Portrayals of mental illness are most often created after the fact, from a perspective of comparative stability. What’s so striking about Lindsay’s debut is the way it captures the frenzy of her bipolar disorder and puts readers within the eye of the hurricane, identifying with her so completely that it becomes impossible to accept easy, black-and-white answers about the nature of her illness and the effectiveness of her treatment. The author had been diagnosed as bipolar before she took a career turn that apparently triggered a series of events that led to her hospitalization, spurred by her parents and doctor, very much against her will and better judgment. (Or was it possible for her to have any better judgment in the throes of her mania?) With her artistic temperament—as a musician as well as a visual artist—and independent streak, she perhaps wasn’t emotionally suited for a corporate life in advertising, though its benefits would cover her treatment.

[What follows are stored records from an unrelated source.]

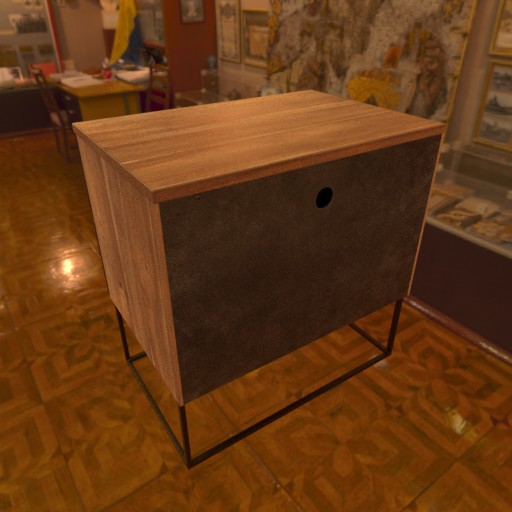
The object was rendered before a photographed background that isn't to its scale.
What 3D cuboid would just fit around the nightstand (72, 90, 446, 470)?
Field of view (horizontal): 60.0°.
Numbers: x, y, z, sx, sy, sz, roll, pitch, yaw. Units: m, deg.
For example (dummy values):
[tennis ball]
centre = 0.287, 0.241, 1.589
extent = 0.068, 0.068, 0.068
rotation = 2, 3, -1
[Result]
[nightstand]
centre = 0.000, 0.000, 1.026
extent = 0.605, 0.611, 0.427
rotation = -19, 36, -28
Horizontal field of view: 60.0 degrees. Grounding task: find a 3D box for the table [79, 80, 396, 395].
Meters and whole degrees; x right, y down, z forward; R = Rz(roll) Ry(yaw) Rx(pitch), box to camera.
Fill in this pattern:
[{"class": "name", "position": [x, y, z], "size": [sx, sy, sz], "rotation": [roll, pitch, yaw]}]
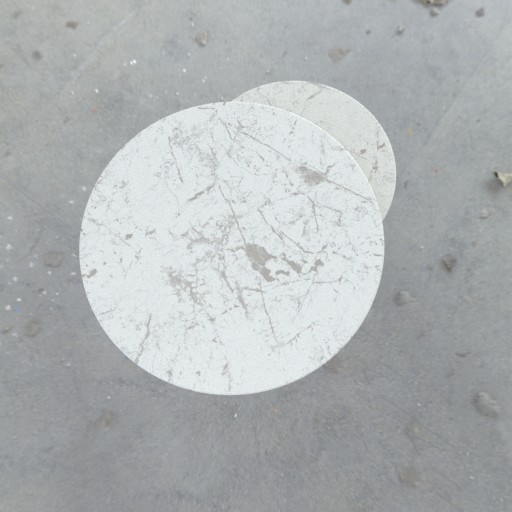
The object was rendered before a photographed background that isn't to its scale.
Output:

She definitely was not suited for having to handle a campaign for antidepressants, which oversimplified and idealized both the illness and the treatment and made her feel like she was selling a lie, if not living one. So she quit her job and started raving about plans that struck others as unrealistic, acting out in ways that called attention to herself and landed her in the hospital. She argued that it was a big misunderstanding, but her parents and doctor insisted it was for her own good. The entire experience—what led to her hospitalization, what she experienced during her time there, and how she has fared since leaving—is rendered in all its frazzled intensity and intimacy in a work that proved cathartic for the author and will be disturbing, yet important, for readers.

This unsettlingly powerful graphic narrative shows how Lindsay has made peace with her parents and the medical establishment—and also found creative fulfillment far from corporate America.